• [TASK DESCRIPTION]:
Which of the lines in the records below hold the string "name"? Copy every one of them.
(SOURCE MATERIAL Opens)
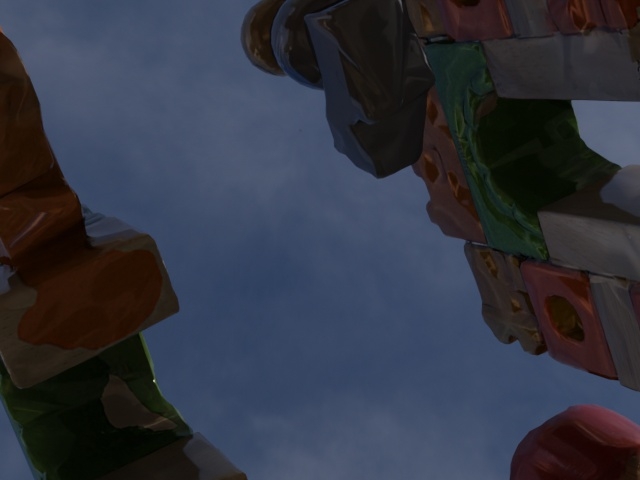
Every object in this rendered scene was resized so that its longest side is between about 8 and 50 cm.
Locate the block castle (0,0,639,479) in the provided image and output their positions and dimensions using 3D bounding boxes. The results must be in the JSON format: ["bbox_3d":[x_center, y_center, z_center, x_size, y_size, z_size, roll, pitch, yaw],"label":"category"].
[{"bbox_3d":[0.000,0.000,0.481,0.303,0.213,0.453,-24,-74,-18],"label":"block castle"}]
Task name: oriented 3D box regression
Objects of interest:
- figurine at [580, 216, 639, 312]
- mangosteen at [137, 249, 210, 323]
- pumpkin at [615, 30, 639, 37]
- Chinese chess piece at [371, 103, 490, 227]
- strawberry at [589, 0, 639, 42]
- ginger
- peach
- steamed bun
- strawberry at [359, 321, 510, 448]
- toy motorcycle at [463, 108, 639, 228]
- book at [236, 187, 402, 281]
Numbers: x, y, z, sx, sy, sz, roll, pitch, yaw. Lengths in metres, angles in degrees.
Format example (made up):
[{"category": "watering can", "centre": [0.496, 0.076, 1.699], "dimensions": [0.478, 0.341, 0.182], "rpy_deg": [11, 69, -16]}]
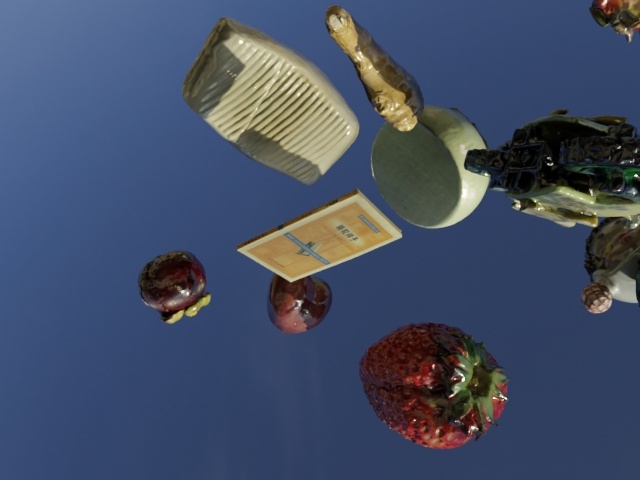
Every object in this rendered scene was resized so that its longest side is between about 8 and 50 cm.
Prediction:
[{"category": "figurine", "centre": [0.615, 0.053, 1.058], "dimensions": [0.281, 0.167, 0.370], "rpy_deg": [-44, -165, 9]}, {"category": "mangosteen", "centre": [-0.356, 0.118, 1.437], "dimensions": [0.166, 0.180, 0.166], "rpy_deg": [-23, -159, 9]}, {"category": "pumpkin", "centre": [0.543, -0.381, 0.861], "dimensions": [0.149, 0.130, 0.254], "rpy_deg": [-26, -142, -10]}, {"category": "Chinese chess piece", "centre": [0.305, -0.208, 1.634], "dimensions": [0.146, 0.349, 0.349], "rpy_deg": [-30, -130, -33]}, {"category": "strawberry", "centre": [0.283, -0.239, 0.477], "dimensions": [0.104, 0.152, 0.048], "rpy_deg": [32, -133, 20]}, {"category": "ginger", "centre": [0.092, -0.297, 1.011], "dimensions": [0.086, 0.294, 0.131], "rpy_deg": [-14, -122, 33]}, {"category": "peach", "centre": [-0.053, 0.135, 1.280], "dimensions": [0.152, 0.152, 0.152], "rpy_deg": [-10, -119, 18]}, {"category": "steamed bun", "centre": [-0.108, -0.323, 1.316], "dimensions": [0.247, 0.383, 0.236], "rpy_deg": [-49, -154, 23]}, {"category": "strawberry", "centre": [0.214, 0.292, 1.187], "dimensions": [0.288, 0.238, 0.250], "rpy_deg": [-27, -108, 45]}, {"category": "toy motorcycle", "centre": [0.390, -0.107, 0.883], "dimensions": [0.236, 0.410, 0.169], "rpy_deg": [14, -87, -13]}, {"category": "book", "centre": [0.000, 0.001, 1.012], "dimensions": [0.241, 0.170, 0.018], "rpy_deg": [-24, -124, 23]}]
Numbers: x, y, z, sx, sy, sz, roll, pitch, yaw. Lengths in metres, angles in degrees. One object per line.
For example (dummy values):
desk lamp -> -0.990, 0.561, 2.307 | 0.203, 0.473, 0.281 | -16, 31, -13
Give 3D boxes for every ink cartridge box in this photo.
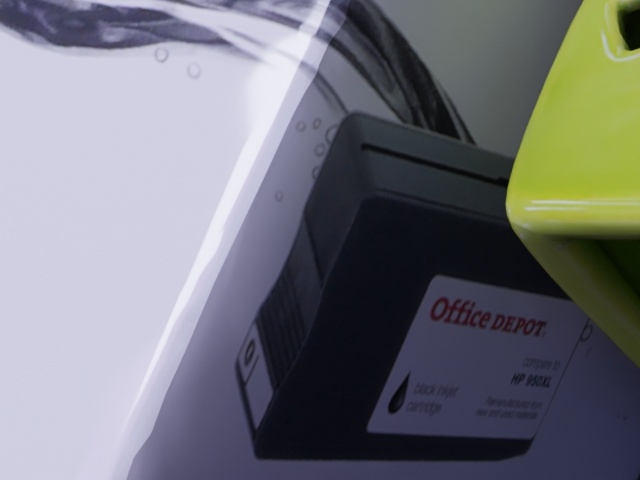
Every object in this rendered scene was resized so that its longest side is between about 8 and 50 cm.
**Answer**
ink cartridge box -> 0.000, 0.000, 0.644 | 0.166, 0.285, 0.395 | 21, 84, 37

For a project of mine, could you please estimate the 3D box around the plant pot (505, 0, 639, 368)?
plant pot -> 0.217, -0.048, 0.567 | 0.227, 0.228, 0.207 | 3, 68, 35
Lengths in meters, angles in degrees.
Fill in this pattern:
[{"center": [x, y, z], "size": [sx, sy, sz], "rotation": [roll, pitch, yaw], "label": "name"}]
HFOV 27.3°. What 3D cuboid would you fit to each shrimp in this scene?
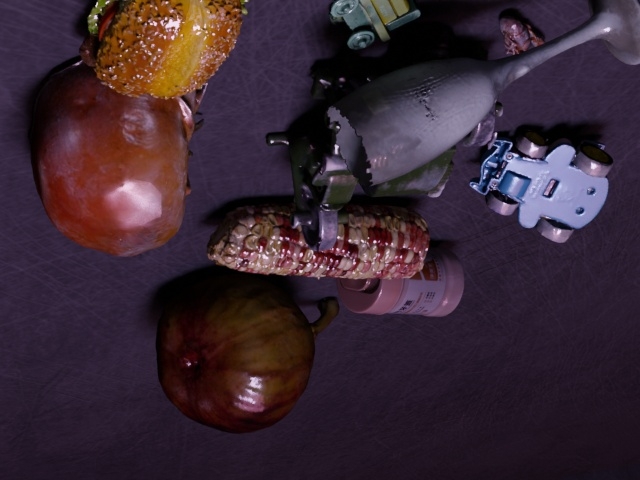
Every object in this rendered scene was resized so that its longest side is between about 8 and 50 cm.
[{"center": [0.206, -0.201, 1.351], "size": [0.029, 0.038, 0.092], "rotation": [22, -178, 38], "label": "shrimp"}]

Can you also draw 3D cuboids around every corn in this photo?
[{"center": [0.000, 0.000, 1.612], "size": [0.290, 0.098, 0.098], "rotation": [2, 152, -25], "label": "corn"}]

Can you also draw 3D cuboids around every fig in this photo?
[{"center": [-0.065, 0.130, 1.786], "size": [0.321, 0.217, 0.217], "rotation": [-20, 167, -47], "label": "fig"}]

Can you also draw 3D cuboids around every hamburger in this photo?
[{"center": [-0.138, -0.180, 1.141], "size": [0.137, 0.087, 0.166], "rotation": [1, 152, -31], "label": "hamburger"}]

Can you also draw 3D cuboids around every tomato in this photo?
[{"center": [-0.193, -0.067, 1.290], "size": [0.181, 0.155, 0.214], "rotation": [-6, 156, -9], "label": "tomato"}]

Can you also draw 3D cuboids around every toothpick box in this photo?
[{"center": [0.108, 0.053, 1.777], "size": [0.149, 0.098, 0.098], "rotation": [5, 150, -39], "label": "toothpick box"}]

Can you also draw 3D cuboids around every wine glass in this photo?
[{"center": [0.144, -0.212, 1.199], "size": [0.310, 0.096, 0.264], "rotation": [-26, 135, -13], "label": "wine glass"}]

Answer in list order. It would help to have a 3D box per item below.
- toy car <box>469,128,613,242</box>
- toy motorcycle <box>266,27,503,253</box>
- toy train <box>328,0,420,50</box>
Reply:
(SOURCE MATERIAL Closes)
• [EXERCISE RESPONSE]:
Task name: oriented 3D box regression
[{"center": [x, y, z], "size": [sx, sy, sz], "rotation": [roll, pitch, yaw], "label": "name"}]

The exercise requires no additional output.